I have one more week before clinic starts, and preparation and classes/homework are already consuming my days and nights. I have no idea how I am going to balance all of this. I know that I CAN do it, I just have to figure out how. I am taking this one day at a time.
I knew graduate school would be tough, but I had no idea how tough. I'm still so thankful for the opportunity and I still KNOW that I am called to do this, but I am just a tad overwhelmed. I know once I have a routine things will be better, but right now I feel like a tiny fish swimming in a huge pond.

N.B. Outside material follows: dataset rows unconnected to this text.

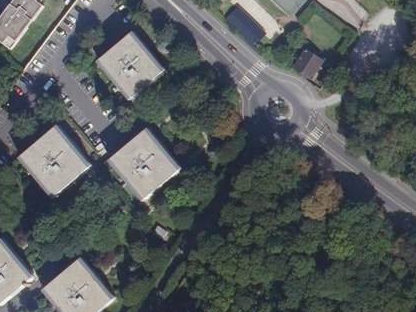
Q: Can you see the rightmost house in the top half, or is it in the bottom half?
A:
top
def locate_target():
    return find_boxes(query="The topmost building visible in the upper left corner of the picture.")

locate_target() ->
[0,0,46,50]
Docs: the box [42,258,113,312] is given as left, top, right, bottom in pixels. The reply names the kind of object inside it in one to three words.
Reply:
building
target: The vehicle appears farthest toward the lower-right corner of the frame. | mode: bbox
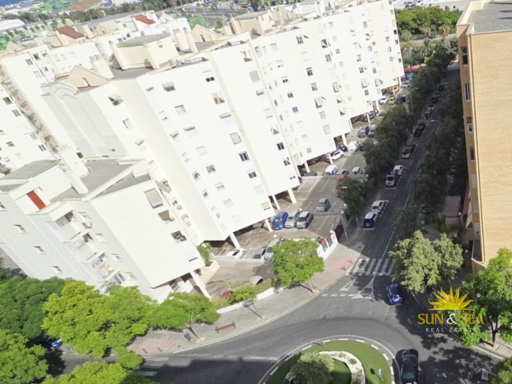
[396,353,422,384]
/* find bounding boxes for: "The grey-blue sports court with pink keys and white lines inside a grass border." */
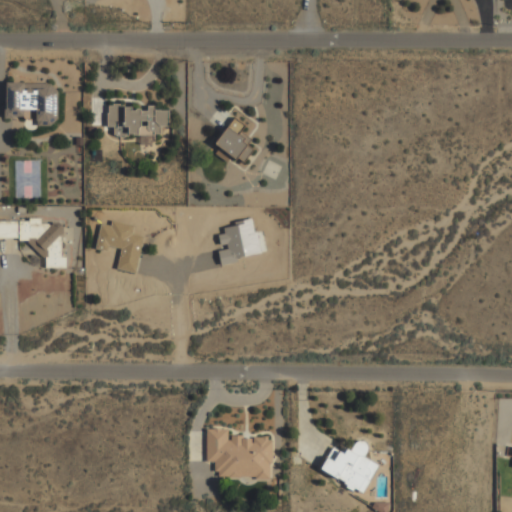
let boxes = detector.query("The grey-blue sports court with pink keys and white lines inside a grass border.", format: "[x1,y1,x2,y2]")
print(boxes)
[10,158,47,202]
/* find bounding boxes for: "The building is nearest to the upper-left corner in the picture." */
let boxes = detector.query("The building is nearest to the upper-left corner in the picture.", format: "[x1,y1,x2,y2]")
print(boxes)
[4,82,58,130]
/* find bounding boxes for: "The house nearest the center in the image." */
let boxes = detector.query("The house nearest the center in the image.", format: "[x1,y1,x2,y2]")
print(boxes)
[218,218,267,266]
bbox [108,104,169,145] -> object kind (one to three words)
house
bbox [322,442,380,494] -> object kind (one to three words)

For the first time, I am doubting my skills and knowledge. Can I do this? Can I be a clinician? Do I know enough? Will I have any idea what to do with my clients? Will they make any progress? The hard thing about speech pathology is that there is no textbook method for what to do in certain situations or with certain clients. It's up to me and my base knowledge.
Sink or swim.
I am the little fish.
In the huge pond.
But I will SWIM.
I may not always know which direction I'm headed
but I WILL swim.
I will not sink.
Get ready, graduate school. It's time to do this.
I love you and your positive attitude. Could you lend me some?
ReplyDeleteYou WILL be an amazing speech pathologist. Someday, we will both be working in the same school.
I miss you greatly.
You are going to be great! I understand your thoughts though. Exactly how I feel right now! It does get better and easier though!